--- How to complete this task ---
The records below are to be repeated exactly, minus any pictures.
___ Records for this exercise
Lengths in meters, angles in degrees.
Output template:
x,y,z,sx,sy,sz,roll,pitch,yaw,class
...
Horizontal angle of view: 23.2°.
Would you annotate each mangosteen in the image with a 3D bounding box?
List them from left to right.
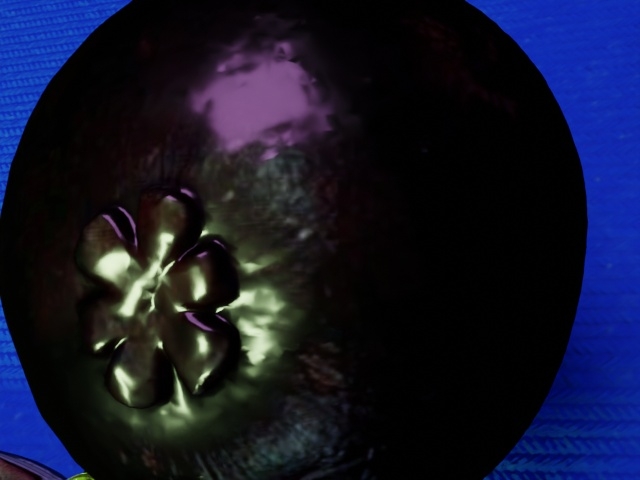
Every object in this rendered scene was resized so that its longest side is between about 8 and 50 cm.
x,y,z,sx,sy,sz,roll,pitch,yaw,class
0.000,0.000,1.019,0.382,0.382,0.435,-4,8,26,mangosteen

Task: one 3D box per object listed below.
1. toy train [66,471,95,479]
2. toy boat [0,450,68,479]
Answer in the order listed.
x,y,z,sx,sy,sz,roll,pitch,yaw,class
-0.170,0.230,1.050,0.085,0.053,0.249,4,45,25,toy train
-0.293,0.180,1.192,0.229,0.046,0.080,6,49,32,toy boat
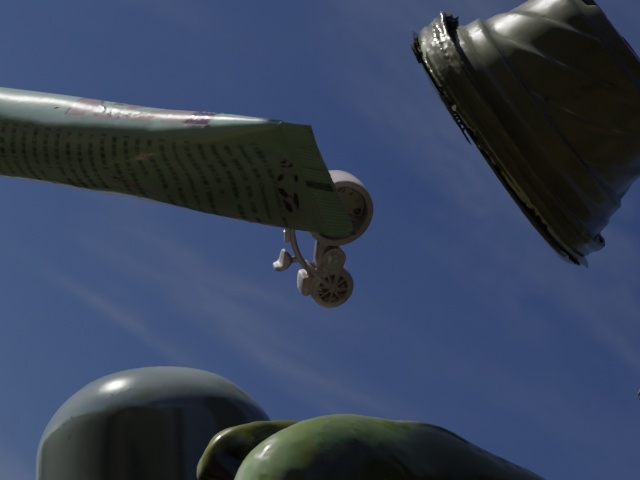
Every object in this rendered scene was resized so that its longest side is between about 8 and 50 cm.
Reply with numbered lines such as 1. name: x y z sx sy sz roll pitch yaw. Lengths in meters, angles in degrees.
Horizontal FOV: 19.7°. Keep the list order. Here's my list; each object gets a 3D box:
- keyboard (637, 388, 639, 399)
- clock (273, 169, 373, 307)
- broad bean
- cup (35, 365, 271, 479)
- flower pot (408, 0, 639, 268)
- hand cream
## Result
______
--- Response area ---
Lengths in meters, angles in degrees.
Output template:
x,y,z,sx,sy,sz,roll,pitch,yaw,class
...
Horizontal angle of view: 23.2°.
Would you annotate each mangosteen in the image with a 3D bounding box?
List them from left to right.
Every object in this rendered scene was resized so that its longest side is between about 8 and 50 cm.
x,y,z,sx,sy,sz,roll,pitch,yaw,class
0.000,0.000,1.019,0.382,0.382,0.435,-4,8,26,mangosteen

Task: one 3D box per object listed below.
1. toy train [66,471,95,479]
2. toy boat [0,450,68,479]
Answer in the order listed.
x,y,z,sx,sy,sz,roll,pitch,yaw,class
-0.170,0.230,1.050,0.085,0.053,0.249,4,45,25,toy train
-0.293,0.180,1.192,0.229,0.046,0.080,6,49,32,toy boat
Every object in this rendered scene was resized so that its longest side is between about 8 and 50 cm.
Reply with numbered lines such as 1. name: x y z sx sy sz roll pitch yaw. Lengths in meters, angles in degrees.
Horizontal FOV: 19.7°. Keep the list order. Here's my list; each object gets a 3D box:
- keyboard (637, 388, 639, 399)
- clock (273, 169, 373, 307)
- broad bean
- cup (35, 365, 271, 479)
- flower pot (408, 0, 639, 268)
- hand cream
## Result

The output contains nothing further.